> _What to work on_
Every record below should be retyped exactly, and no picture should appear in the copy.

> _Input records_
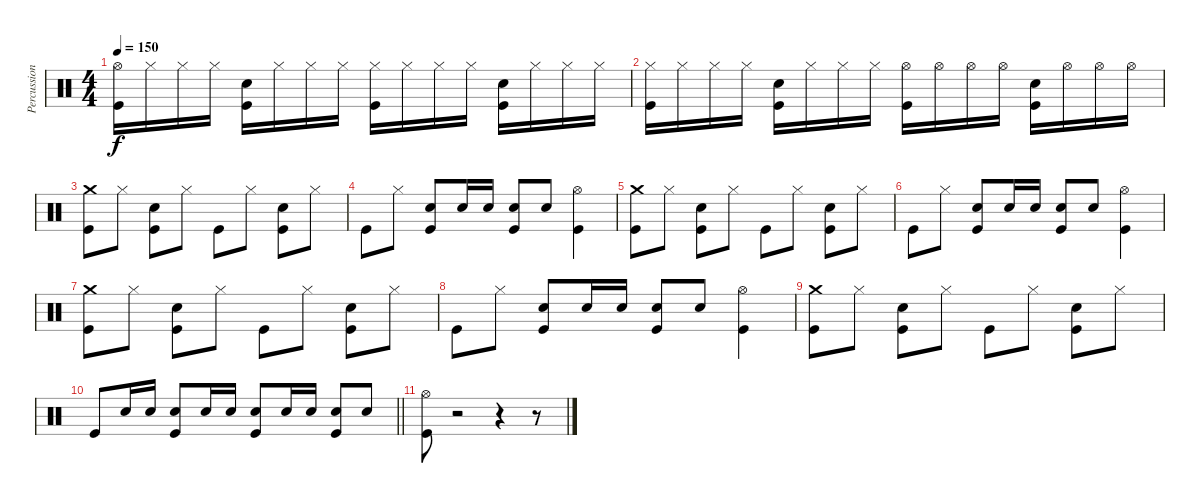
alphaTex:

\track ("Percussion" "Percussion") {instrument percussion}
\staff {score}
\articulation defaults
\ts (4 4)
\tempo 150
\clef neutral
\ks c
("Hi-Hat (open)" "Kick (hit)").16{dy f} "Hi-Hat (closed)".16 "Hi-Hat (closed)".16 "Hi-Hat (closed)".16 ("Snare (hit) 2" "Kick (hit)").16 "Hi-Hat (closed)".16 "Hi-Hat (closed)".16 "Hi-Hat (closed)".16 ("Hi-Hat (closed)" "Kick (hit)").16 "Hi-Hat (closed)".16 "Hi-Hat (closed)".16 "Hi-Hat (closed)".16 ("Snare (hit) 2" "Kick (hit)").16 "Hi-Hat (closed)".16 "Hi-Hat (closed)".16 "Hi-Hat (closed)".16 |
("Hi-Hat (closed)" "Kick (hit)").16 "Hi-Hat (closed)".16 "Hi-Hat (closed)".16 "Hi-Hat (closed)".16 ("Snare (hit) 2" "Kick (hit)").16 "Hi-Hat (closed)".16 "Hi-Hat (closed)".16 "Hi-Hat (closed)".16 ("Hi-Hat (open)" "Kick (hit)").16 "Hi-Hat (open)".16 "Hi-Hat (open)".16 "Hi-Hat (open)".16 ("Snare (hit) 2" "Kick (hit)").16 "Hi-Hat (open)".16 "Hi-Hat (open)".16 "Hi-Hat (open)".16 |
("Crash medium (hit)" "Kick (hit)").8 "Hi-Hat (closed)".8 ("Snare (hit) 2" "Kick (hit)").8 "Hi-Hat (closed)".8 "Kick (hit)".8 "Hi-Hat (closed)".8 ("Snare (hit) 2" "Kick (hit)").8 "Hi-Hat (closed)".8 |
"Kick (hit)".8 "Hi-Hat (closed)".8 ("Snare (hit) 2" "Kick (hit)").8 "Snare (hit) 2".16 "Snare (hit) 2".16 ("Snare (hit) 2" "Kick (hit)").8 "Snare (hit) 2".8 ("Hi-Hat (open)" "Kick (hit)").4 |
("Crash medium (hit)" "Kick (hit)").8 "Hi-Hat (closed)".8 ("Snare (hit) 2" "Kick (hit)").8 "Hi-Hat (closed)".8 "Kick (hit)".8 "Hi-Hat (closed)".8 ("Snare (hit) 2" "Kick (hit)").8 "Hi-Hat (closed)".8 |
"Kick (hit)".8 "Hi-Hat (closed)".8 ("Snare (hit) 2" "Kick (hit)").8 "Snare (hit) 2".16 "Snare (hit) 2".16 ("Snare (hit) 2" "Kick (hit)").8 "Snare (hit) 2".8 ("Hi-Hat (open)" "Kick (hit)").4 |
("Crash medium (hit)" "Kick (hit)").8 "Hi-Hat (closed)".8 ("Snare (hit) 2" "Kick (hit)").8 "Hi-Hat (closed)".8 "Kick (hit)".8 "Hi-Hat (closed)".8 ("Snare (hit) 2" "Kick (hit)").8 "Hi-Hat (closed)".8 |
"Kick (hit)".8 "Hi-Hat (closed)".8 ("Snare (hit) 2" "Kick (hit)").8 "Snare (hit) 2".16 "Snare (hit) 2".16 ("Snare (hit) 2" "Kick (hit)").8 "Snare (hit) 2".8 ("Hi-Hat (open)" "Kick (hit)").4 |
("Crash medium (hit)" "Kick (hit)").8 "Hi-Hat (closed)".8 ("Snare (hit) 2" "Kick (hit)").8 "Hi-Hat (closed)".8 "Kick (hit)".8 "Hi-Hat (closed)".8 ("Snare (hit) 2" "Kick (hit)").8 "Hi-Hat (closed)".8 |
\barLineRight lightlight "Kick (hit)".8 "Snare (hit) 2".16 "Snare (hit) 2".16
("Snare (hit) 2" "Kick (hit)").8 "Snare (hit) 2".16 "Snare (hit) 2".16 ("Snare (hit) 2" "Kick (hit)").8 "Snare (hit) 2".16 "Snare (hit) 2".16 ("Snare (hit) 2" "Kick (hit)").8 "Snare (hit) 2".8 |
("Hi-Hat (open)" "Kick (hit)").8 r.2 r.4 r.8

> _Written response_
alphaTex:

\track ("Percussion" "Percussion") {instrument percussion}
\staff {score}
\articulation defaults
\ts (4 4)
\tempo 150
\clef neutral
\ks c
("Hi-Hat (open)" "Kick (hit)").16{dy f} "Hi-Hat (closed)".16 "Hi-Hat (closed)".16 "Hi-Hat (closed)".16 ("Snare (hit) 2" "Kick (hit)").16 "Hi-Hat (closed)".16 "Hi-Hat (closed)".16 "Hi-Hat (closed)".16 ("Hi-Hat (closed)" "Kick (hit)").16 "Hi-Hat (closed)".16 "Hi-Hat (closed)".16 "Hi-Hat (closed)".16 ("Snare (hit) 2" "Kick (hit)").16 "Hi-Hat (closed)".16 "Hi-Hat (closed)".16 "Hi-Hat (closed)".16 |
("Hi-Hat (closed)" "Kick (hit)").16 "Hi-Hat (closed)".16 "Hi-Hat (closed)".16 "Hi-Hat (closed)".16 ("Snare (hit) 2" "Kick (hit)").16 "Hi-Hat (closed)".16 "Hi-Hat (closed)".16 "Hi-Hat (closed)".16 ("Hi-Hat (open)" "Kick (hit)").16 "Hi-Hat (open)".16 "Hi-Hat (open)".16 "Hi-Hat (open)".16 ("Snare (hit) 2" "Kick (hit)").16 "Hi-Hat (open)".16 "Hi-Hat (open)".16 "Hi-Hat (open)".16 |
("Crash medium (hit)" "Kick (hit)").8 "Hi-Hat (closed)".8 ("Snare (hit) 2" "Kick (hit)").8 "Hi-Hat (closed)".8 "Kick (hit)".8 "Hi-Hat (closed)".8 ("Snare (hit) 2" "Kick (hit)").8 "Hi-Hat (closed)".8 |
"Kick (hit)".8 "Hi-Hat (closed)".8 ("Snare (hit) 2" "Kick (hit)").8 "Snare (hit) 2".16 "Snare (hit) 2".16 ("Snare (hit) 2" "Kick (hit)").8 "Snare (hit) 2".8 ("Hi-Hat (open)" "Kick (hit)").4 |
("Crash medium (hit)" "Kick (hit)").8 "Hi-Hat (closed)".8 ("Snare (hit) 2" "Kick (hit)").8 "Hi-Hat (closed)".8 "Kick (hit)".8 "Hi-Hat (closed)".8 ("Snare (hit) 2" "Kick (hit)").8 "Hi-Hat (closed)".8 |
"Kick (hit)".8 "Hi-Hat (closed)".8 ("Snare (hit) 2" "Kick (hit)").8 "Snare (hit) 2".16 "Snare (hit) 2".16 ("Snare (hit) 2" "Kick (hit)").8 "Snare (hit) 2".8 ("Hi-Hat (open)" "Kick (hit)").4 |
("Crash medium (hit)" "Kick (hit)").8 "Hi-Hat (closed)".8 ("Snare (hit) 2" "Kick (hit)").8 "Hi-Hat (closed)".8 "Kick (hit)".8 "Hi-Hat (closed)".8 ("Snare (hit) 2" "Kick (hit)").8 "Hi-Hat (closed)".8 |
"Kick (hit)".8 "Hi-Hat (closed)".8 ("Snare (hit) 2" "Kick (hit)").8 "Snare (hit) 2".16 "Snare (hit) 2".16 ("Snare (hit) 2" "Kick (hit)").8 "Snare (hit) 2".8 ("Hi-Hat (open)" "Kick (hit)").4 |
("Crash medium (hit)" "Kick (hit)").8 "Hi-Hat (closed)".8 ("Snare (hit) 2" "Kick (hit)").8 "Hi-Hat (closed)".8 "Kick (hit)".8 "Hi-Hat (closed)".8 ("Snare (hit) 2" "Kick (hit)").8 "Hi-Hat (closed)".8 |
\barLineRight lightlight "Kick (hit)".8 "Snare (hit) 2".16 "Snare (hit) 2".16
("Snare (hit) 2" "Kick (hit)").8 "Snare (hit) 2".16 "Snare (hit) 2".16 ("Snare (hit) 2" "Kick (hit)").8 "Snare (hit) 2".16 "Snare (hit) 2".16 ("Snare (hit) 2" "Kick (hit)").8 "Snare (hit) 2".8 |
("Hi-Hat (open)" "Kick (hit)").8 r.2 r.4 r.8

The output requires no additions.